Asymmetry:リターンの非対称性と「破産」の非対称性
ポジションサイジングが向き合うのは、トレーディングにおける最も根源的な「非対称性」です。
リターンの非対称性
一つ一つの取引のリターンは、非対称です。ストップロスをタイトに設定し、利益を伸ばす(損小利大)戦略のリターン分布は、正の歪度を持つ非対称な形になります。ケリーの公式は、まさにこのリターンの非対称性(ペイオフレシオ)を、その計算の根幹に据えています [1]。
「破産」という究極の非対称性
より重要なのが、富の蓄積と破産との間の、決定的な非対称性です。資産を2倍、10倍へと増やしていく道は、時間を要する幾何学的なプロセスです。
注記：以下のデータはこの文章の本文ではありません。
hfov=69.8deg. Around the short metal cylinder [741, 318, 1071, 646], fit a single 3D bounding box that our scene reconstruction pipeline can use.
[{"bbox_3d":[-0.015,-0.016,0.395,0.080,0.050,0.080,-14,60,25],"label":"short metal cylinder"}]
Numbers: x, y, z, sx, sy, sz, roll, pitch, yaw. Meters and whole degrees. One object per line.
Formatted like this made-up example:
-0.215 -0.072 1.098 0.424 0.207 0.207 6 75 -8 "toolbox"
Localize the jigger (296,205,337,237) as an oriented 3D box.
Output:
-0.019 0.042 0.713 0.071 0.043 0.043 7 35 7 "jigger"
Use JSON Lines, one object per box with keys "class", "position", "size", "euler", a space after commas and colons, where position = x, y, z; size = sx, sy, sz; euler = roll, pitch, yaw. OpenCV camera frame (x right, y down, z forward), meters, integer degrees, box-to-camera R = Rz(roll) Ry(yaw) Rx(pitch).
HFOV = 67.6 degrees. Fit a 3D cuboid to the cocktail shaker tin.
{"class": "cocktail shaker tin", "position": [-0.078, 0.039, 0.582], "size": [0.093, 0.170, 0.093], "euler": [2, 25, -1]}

しかし、資産をゼロにする「破産」は、たった一度の、過剰に大きなリスクテイクによって、瞬時に起こり得ます。
一度破産してしまえば、市場から永久に退場させられ、その後のいかなる収益機会にも参加することはできません。つまり、リターンの世界において、マイナス100%の損失は、プラス方向のいかなる利益とも等価交換できない、究極的に非対称な終着点です。
ポジションサイジングの第一の目的は、この究極の非対称な結末である「破産」を、確率的に絶対に避けることにあります。ケリーの公式が、長期的な資産成長を最大化すると同時に、破産を回避する性質を持つのは、この非対称な現実を数学的に捉えているからに他なりません [3]。
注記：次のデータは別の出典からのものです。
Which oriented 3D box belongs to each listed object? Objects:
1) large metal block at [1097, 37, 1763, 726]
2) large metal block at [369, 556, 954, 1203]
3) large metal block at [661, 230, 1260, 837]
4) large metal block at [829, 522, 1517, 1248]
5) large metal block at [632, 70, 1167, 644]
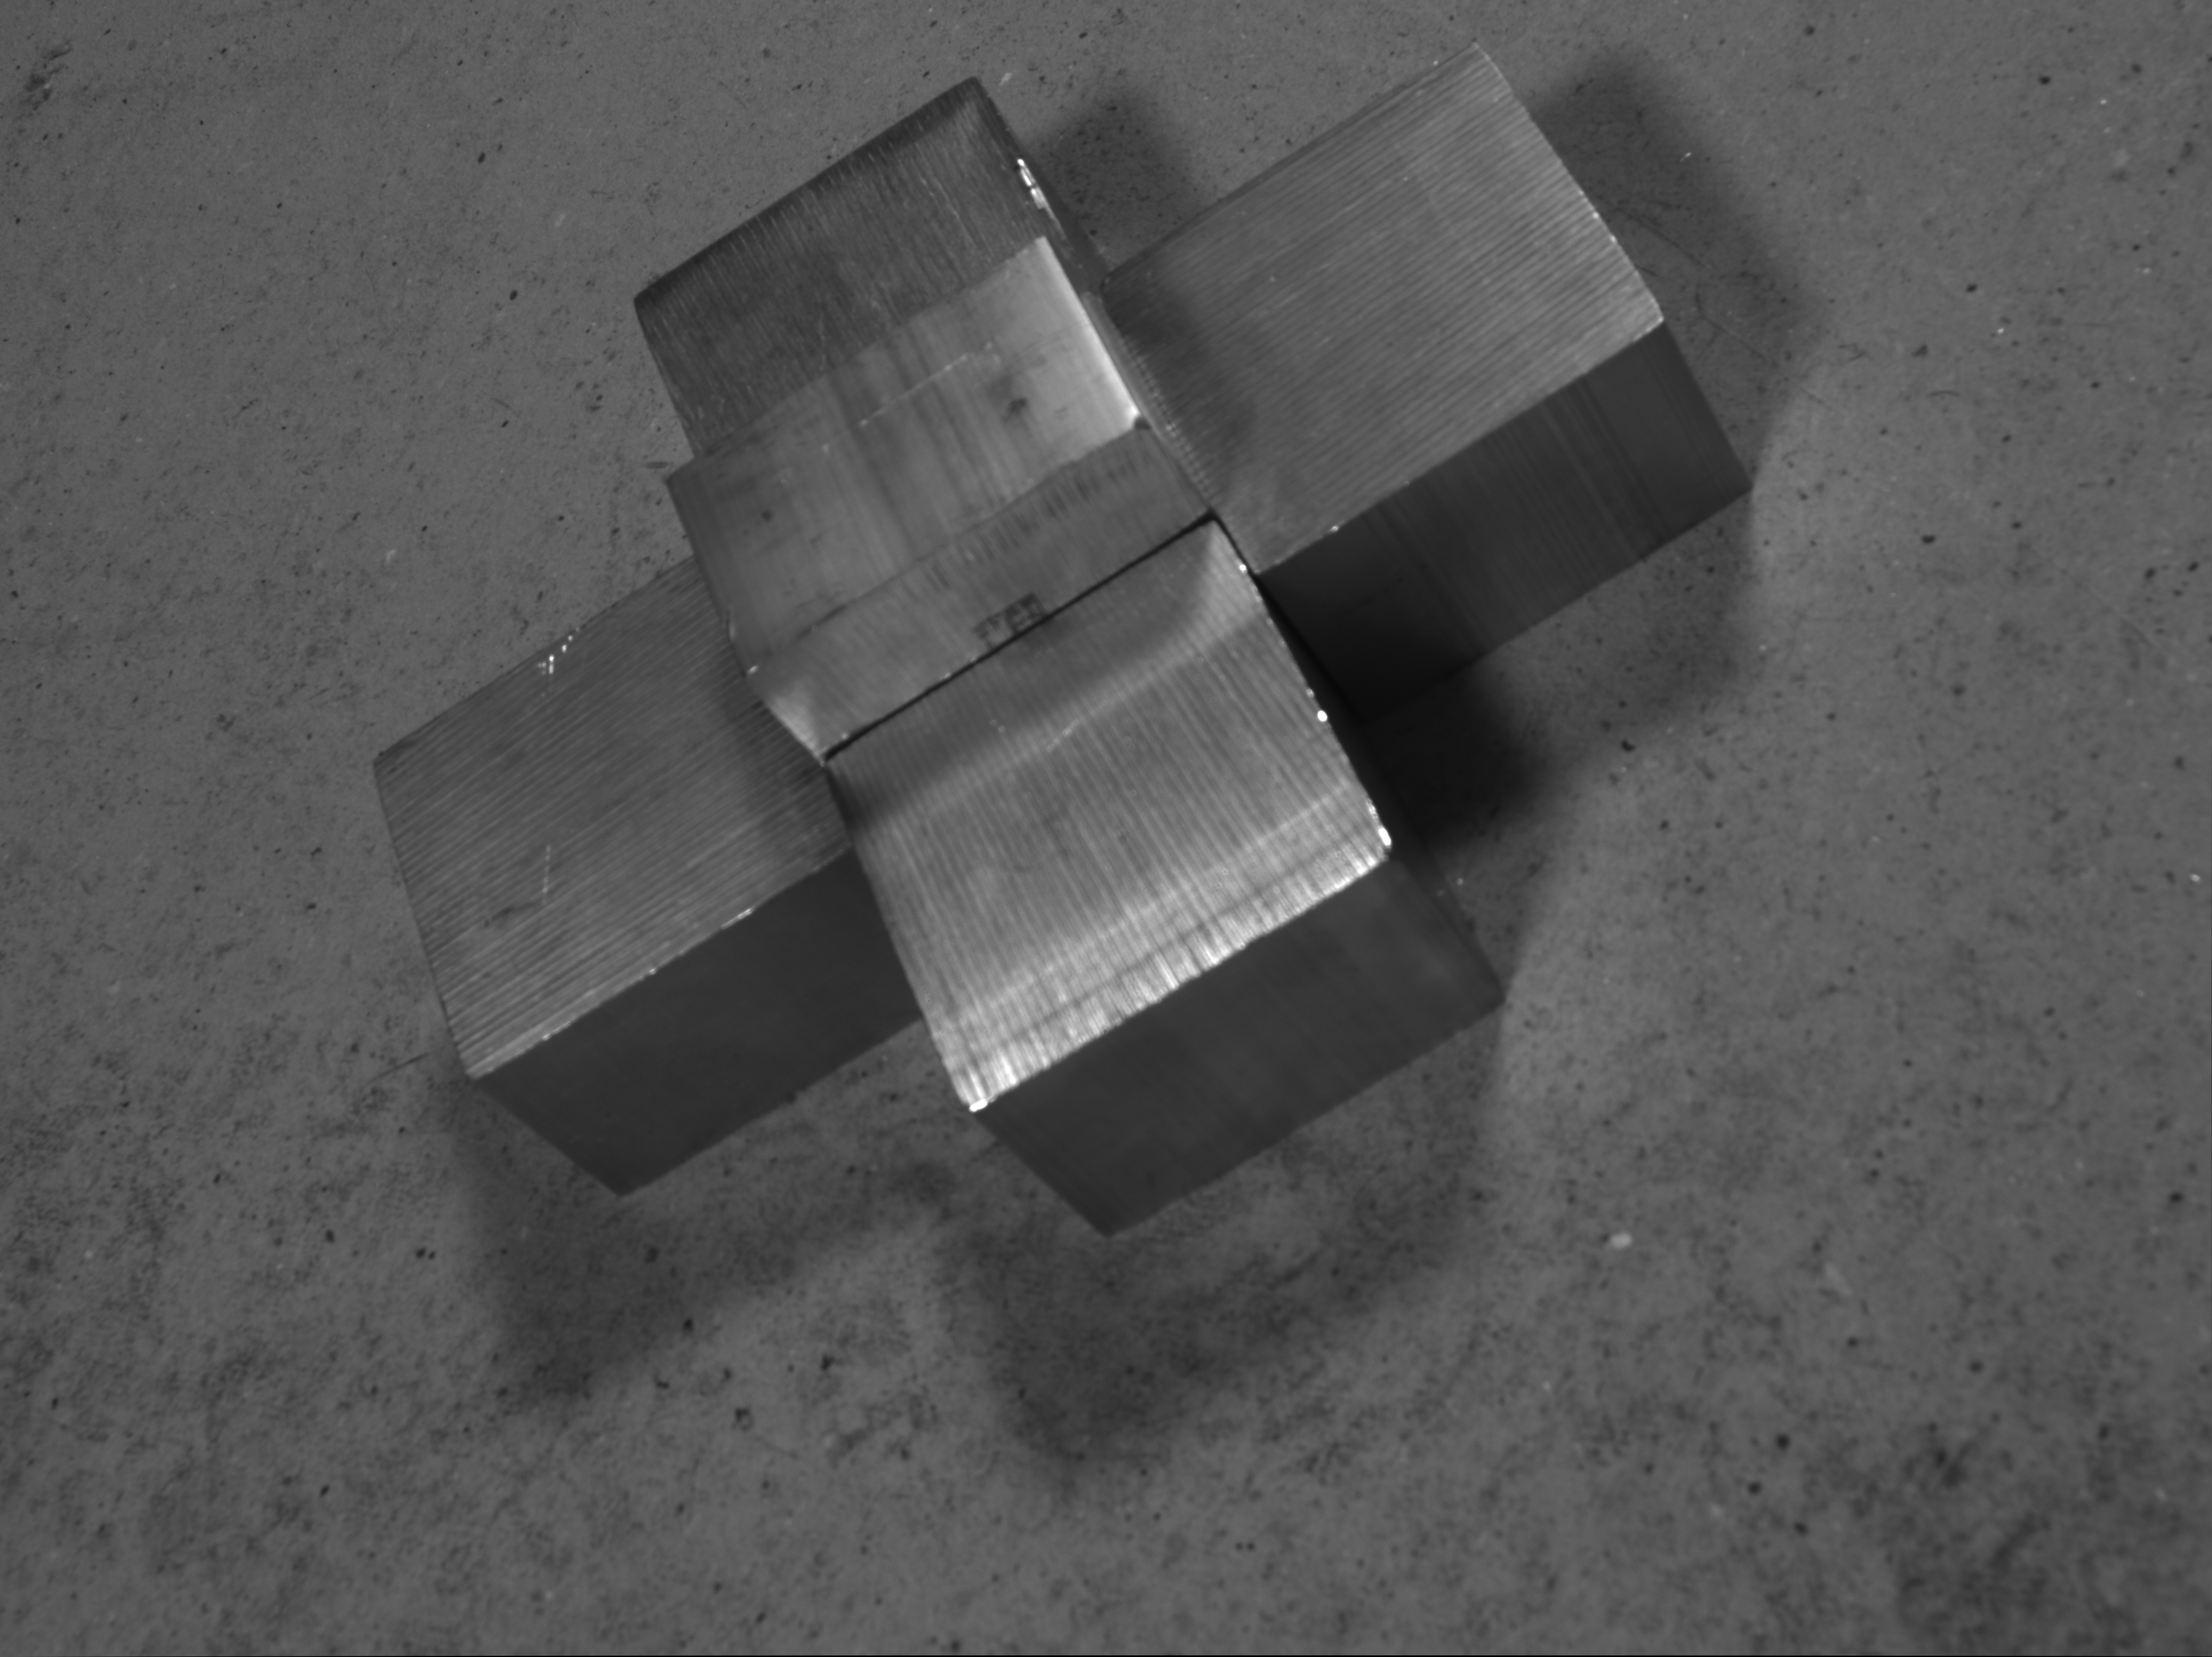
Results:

Friction:「パラメータの不確実性」という究極の摩擦
手数料やスプレッドのような基本的な摩擦に加え、ケリーの公式を現実の市場で使おうとする際には、乗り越えることが極めて困難な、情報の「摩擦」が存在します。
パラメータの不確実性という情報の摩擦
ケリーの公式は、入力として与えられたパラメータ(勝つ確率とペイオフレシオ)が「真実」であるという、非常に強い仮定の上に成り立っています。ここに、最大の摩擦が存在します。すなわち、現実のトレーディングにおいて、未来の真のパラメータを、神ならぬ人間が知ることは不可能である、という事実です。
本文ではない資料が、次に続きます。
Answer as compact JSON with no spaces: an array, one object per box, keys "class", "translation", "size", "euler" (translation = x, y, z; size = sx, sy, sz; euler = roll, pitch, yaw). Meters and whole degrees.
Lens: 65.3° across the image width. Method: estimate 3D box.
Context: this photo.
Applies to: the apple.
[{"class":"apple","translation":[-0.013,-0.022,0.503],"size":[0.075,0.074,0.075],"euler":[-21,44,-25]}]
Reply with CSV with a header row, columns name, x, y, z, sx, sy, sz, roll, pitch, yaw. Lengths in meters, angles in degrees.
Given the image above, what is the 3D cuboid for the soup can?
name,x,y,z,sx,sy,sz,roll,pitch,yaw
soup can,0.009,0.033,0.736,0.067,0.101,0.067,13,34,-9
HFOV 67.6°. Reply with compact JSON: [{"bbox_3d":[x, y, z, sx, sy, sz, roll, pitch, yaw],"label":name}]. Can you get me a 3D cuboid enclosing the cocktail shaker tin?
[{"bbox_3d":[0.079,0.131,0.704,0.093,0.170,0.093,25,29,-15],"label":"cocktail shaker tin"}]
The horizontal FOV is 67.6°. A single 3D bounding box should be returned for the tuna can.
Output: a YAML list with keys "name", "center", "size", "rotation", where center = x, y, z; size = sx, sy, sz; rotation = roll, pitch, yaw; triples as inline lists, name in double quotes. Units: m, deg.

我々にできるのは、ノイズに満ちた過去のデータから、これらのパラメータを「推定」することだけです。しかし、この推定値には、必ず誤差が含まれます。この「パラメータの不確実性」という根源的な情報の摩擦が、ケリーの公式を、理論上の「最適解」から、現実世界での「極めて危険な道具」へと変貌させます。
もし、バックテストの結果が良かったために、自らのエッジを過大評価したパラメータを公式に投入してしまえば、公式は過大なポジションサイズを推奨し、それは破産への最短ルートとなります。デミゲルらの研究が示したように、パラメータの推定誤差は、洗練された最適化モデルを、単純なモデルよりも悪い結果に導くことさえあるのです [5]。この摩擦があるからこそ、多くの実践家は、理論的な最適値であるフル・ケリーではなく、より安全なハーフ・ケリーなどを選択するのです。
総括
・ポジションサイジングは、一回の取引で取るべきリスク量を決定する資金管理の技術であり、トレーディングの成否を分ける極めて重要な要素です。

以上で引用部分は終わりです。